Era o pico da época de reprodução; A praia deveria estar repleta de haréns de fêmeas férteis e machos enormes lutando entre si pelo domínio. Em vez disso, foi “apenas carcaça após carcaça após carcaça”, lembrou o Dr. Uhart, que dirige o programa de saúde da vida selvagem latino-americana na Universidade da Califórnia, Davis.
O H5N1, um dos muitos vírus que causam a gripe aviária, já havia matado pelo menos 24.000 Leões marinhos sul-americanos percorrem as costas do continente em menos de um ano. Agora ele veio atrás dos elefantes marinhos.
Filhotes de todas as idades, desde recém-nascidos até totalmente desmamados, jaziam mortos ou morrendo na linha da maré alta. Os cachorrinhos doentes jaziam apáticos, com espuma saindo da boca e do nariz.
O Dr. Uhart chamou isso de “uma imagem do inferno”.
Nas semanas que se seguiram, ela e um colega – protegidos da cabeça aos pés com luvas, batas e máscaras e periodicamente encharcados com lixívia – documentaram cuidadosamente a devastação. Os membros da equipe estavam no topo de penhascos próximos, avaliando o número de vítimas com drones.
O que descobriram foi surpreendente: o vírus matou cerca de 17.400 focas bebêsmais de 95 por cento dos animais jovens da colônia.
A catástrofe foi a mais recente de uma epidemia de gripe aviária que varreu o mundo desde 2020, levando as autoridades de vários continentes a matar milhões de aves de capoeira e outras aves. Só nos Estados Unidos, mais de 90 milhões de pássaros foram abatidos em uma tentativa fútil de deter o vírus.
Ninguém foi capaz de deter o H5N1. Os vírus da gripe aviária tendem a ser exigentes com seus hospedeiros e geralmente estão limitados a um tipo de ave selvagem. Mas rapidamente se infiltrou numa gama surpreendentemente ampla de aves e animais de desde esquilos e gambás até golfinhos-nariz-de-garrafa, ursos polares e, mais recentemente, vacas leiteiras.

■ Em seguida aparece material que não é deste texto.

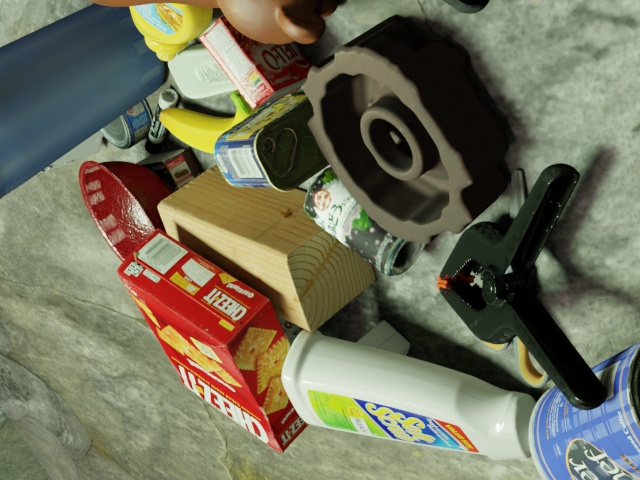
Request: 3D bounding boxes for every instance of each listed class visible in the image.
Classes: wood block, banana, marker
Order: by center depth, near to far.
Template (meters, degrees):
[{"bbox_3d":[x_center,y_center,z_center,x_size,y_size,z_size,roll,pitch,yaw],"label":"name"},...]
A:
[{"bbox_3d":[-0.095,-0.112,1.036,0.069,0.037,0.198,55,156,-18],"label":"banana"},{"bbox_3d":[-0.057,0.001,1.053,0.206,0.090,0.090,21,139,45],"label":"wood block"},{"bbox_3d":[-0.174,-0.127,1.159,0.020,0.020,0.121,49,152,7],"label":"marker"}]

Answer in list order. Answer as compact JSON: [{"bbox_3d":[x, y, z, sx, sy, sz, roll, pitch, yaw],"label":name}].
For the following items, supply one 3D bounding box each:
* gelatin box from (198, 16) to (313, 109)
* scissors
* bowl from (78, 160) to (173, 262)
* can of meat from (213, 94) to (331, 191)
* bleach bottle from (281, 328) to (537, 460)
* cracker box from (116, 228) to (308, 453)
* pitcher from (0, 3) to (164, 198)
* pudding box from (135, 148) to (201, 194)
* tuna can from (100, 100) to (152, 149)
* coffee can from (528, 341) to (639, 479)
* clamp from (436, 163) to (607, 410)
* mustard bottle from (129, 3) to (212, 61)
[{"bbox_3d":[-0.048,-0.151,0.872,0.030,0.089,0.073,-37,90,31],"label":"gelatin box"},{"bbox_3d":[0.146,0.028,0.859,0.096,0.016,0.202,19,132,54],"label":"scissors"},{"bbox_3d":[-0.199,-0.030,1.183,0.162,0.055,0.162,39,149,28],"label":"bowl"},{"bbox_3d":[-0.031,-0.085,0.907,0.084,0.102,0.057,5,127,57],"label":"can of meat"},{"bbox_3d":[0.095,0.145,0.961,0.251,0.068,0.102,8,143,27],"label":"bleach bottle"},{"bbox_3d":[-0.102,0.106,1.084,0.164,0.072,0.213,30,154,33],"label":"cracker box"},{"bbox_3d":[-0.281,-0.139,1.068,0.149,0.242,0.145,22,139,44],"label":"pitcher"},{"bbox_3d":[-0.165,-0.055,1.206,0.114,0.039,0.090,-4,119,57],"label":"pudding box"},{"bbox_3d":[-0.228,-0.146,1.202,0.086,0.033,0.086,37,148,28],"label":"tuna can"},{"bbox_3d":[0.227,0.131,0.762,0.103,0.102,0.140,49,152,7],"label":"coffee can"},{"bbox_3d":[0.141,0.022,0.787,0.210,0.036,0.164,-162,66,-70],"label":"clamp"},{"bbox_3d":[-0.134,-0.230,0.937,0.096,0.058,0.192,41,149,19],"label":"mustard bottle"}]
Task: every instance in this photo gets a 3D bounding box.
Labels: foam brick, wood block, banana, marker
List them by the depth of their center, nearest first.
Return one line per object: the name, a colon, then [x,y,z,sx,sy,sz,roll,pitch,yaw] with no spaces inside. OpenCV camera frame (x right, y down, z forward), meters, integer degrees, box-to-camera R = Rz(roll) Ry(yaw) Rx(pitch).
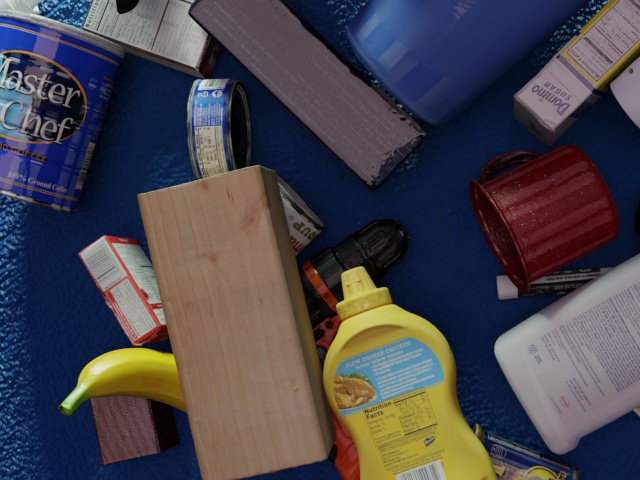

“Na minha carreira na gripe, nunca vimos um vírus expandir a sua gama de hospedeiros desta forma”, disse Troy Sutton, virologista que estuda os vírus da gripe aviária e humana na Penn State University.
O impacto sobre os mamíferos marinhos e as indústrias leiteira e avícola é bastante preocupante. Mas uma preocupação maior, dizem os especialistas, é o que estes desenvolvimentos pressagiam: o vírus está a adaptar-se aos mamíferos e está cada vez mais perto de se espalhar entre as pessoas.

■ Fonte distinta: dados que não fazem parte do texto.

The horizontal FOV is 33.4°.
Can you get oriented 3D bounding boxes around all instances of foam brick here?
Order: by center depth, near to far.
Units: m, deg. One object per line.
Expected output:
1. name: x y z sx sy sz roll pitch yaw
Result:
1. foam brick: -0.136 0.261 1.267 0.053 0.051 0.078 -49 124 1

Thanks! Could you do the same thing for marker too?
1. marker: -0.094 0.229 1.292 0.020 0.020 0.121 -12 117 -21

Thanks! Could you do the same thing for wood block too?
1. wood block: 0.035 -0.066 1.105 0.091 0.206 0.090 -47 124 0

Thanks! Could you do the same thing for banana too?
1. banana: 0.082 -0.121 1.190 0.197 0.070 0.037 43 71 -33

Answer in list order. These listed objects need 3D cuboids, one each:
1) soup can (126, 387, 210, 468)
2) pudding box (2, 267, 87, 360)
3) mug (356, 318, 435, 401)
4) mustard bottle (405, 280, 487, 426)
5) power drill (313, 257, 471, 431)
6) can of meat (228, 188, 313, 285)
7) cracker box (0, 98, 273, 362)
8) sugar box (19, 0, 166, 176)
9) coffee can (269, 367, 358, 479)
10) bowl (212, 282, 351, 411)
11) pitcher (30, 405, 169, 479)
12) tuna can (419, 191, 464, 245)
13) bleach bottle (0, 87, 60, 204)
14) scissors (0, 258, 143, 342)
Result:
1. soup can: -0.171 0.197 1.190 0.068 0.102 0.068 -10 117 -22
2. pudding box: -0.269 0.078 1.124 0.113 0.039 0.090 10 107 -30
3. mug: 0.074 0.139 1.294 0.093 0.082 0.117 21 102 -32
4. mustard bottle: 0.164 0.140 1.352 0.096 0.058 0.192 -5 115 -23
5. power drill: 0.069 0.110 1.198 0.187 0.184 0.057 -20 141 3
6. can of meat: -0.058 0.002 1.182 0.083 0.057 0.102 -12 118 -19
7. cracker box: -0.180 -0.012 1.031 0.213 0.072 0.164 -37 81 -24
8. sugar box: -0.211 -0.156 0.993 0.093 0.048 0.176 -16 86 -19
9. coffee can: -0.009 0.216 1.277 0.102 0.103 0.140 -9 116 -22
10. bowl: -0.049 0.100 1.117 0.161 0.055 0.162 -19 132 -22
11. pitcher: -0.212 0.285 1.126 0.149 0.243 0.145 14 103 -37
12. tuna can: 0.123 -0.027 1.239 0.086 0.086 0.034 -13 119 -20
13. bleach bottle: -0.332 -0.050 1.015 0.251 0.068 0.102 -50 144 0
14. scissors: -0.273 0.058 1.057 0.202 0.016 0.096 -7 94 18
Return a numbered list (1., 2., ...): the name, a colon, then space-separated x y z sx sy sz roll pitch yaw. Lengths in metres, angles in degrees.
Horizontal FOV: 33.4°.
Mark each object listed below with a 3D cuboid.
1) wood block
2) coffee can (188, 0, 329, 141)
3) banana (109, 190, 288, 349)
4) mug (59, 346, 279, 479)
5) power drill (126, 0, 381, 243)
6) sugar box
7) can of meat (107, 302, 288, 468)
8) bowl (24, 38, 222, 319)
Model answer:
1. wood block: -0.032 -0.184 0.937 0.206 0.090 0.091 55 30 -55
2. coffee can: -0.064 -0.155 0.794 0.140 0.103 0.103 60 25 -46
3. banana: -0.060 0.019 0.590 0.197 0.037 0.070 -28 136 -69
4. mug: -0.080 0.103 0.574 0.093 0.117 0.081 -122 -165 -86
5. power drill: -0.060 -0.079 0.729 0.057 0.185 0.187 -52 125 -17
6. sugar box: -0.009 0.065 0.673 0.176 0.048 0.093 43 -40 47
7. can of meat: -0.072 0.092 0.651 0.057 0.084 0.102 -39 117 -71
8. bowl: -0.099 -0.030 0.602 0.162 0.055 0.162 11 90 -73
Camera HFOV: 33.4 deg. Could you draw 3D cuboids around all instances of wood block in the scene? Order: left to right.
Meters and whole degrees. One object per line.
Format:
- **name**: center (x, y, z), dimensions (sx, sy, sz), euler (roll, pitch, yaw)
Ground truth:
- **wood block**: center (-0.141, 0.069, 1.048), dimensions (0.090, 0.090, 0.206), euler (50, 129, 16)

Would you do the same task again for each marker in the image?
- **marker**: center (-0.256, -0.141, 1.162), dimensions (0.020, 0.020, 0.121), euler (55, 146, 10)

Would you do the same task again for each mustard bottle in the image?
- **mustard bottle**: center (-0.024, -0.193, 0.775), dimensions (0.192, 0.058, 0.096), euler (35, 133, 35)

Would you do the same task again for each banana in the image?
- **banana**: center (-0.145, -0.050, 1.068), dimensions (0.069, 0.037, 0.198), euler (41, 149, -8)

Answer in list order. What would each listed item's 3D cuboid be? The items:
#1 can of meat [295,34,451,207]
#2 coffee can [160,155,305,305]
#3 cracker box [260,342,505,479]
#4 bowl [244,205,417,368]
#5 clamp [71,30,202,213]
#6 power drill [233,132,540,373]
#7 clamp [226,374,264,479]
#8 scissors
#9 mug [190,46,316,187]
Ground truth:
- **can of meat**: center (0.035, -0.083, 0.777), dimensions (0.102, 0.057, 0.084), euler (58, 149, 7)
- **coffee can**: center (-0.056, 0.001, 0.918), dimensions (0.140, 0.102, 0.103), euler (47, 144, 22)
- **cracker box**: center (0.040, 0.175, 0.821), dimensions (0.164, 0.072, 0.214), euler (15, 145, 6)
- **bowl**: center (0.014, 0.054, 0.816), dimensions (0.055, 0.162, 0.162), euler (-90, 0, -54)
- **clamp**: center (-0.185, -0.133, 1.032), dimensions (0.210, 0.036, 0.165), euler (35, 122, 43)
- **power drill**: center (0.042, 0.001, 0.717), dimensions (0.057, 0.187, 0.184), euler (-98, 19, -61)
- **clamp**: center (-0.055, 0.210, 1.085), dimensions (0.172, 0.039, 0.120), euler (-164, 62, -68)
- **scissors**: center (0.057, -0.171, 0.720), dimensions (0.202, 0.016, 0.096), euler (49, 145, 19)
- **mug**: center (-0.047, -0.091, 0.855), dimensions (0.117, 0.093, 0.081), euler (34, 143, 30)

Uma pandemia humana não é de forma alguma inevitável. Pelo menos até agora, o mudanças no vírus Eles não indicam que o H5N1 possa causar uma pandemia, disse Sutton.
Ainda assim, disse ele, “não sabemos realmente como interpretar isto ou o que significa”.
Mortalidade marinha
Em 1996, uma cepa altamente patogênica do H5N1 foi identificada em aves aquáticas domésticas na China. No ano seguinte, 18 pessoas em Hong Kong foram infectadas pelo vírus e seis morreram. Então o vírus silenciou, mas ressurgiu em Hong Kong em 2003. Desde então, causou dezenas de surtos em aves e afetou mais de 800 pessoas que estiveram em contato próximo com as aves.
Enquanto isso, continuou a evoluir.
A versão do H5N1 que circula atualmente pelo mundo surgiu na Europa em 2020 e rapidamente se espalhou pela África e Ásia. Matou dezenas de aves de criação, mas, ao contrário dos seus antecessores, também se espalhou amplamente entre aves selvagens e muitos outros animais.
A maioria das infecções em mamíferos eram provavelmente casos “sem saída”: uma raposa, talvez, que comeu uma ave infectada e morreu sem transmitir o vírus. Mas alguns surtos maiores sugeriram que o H5N1 era capaz de mais.
A primeira pista surgiu no verão de 2022, quando o vírus matou centenas de focas. na Nova Inglaterra e Quebeque. Alguns meses depois, ele se infiltrou em uma fazenda de visons na Espanha.
Pelo menos nos visons, a explicação mais provável era que o H5N1 se tivesse adaptado para se espalhar entre os animais. A magnitude dos surtos em mamíferos marinhos na América do Sul sublinhou essa probabilidade.
“Mesmo intuitivamente, poderíamos pensar que a transmissão entre mamíferos é muito provável”, disse Malik Peiris, virologista e especialista em gripe aviária da Universidade de Hong Kong.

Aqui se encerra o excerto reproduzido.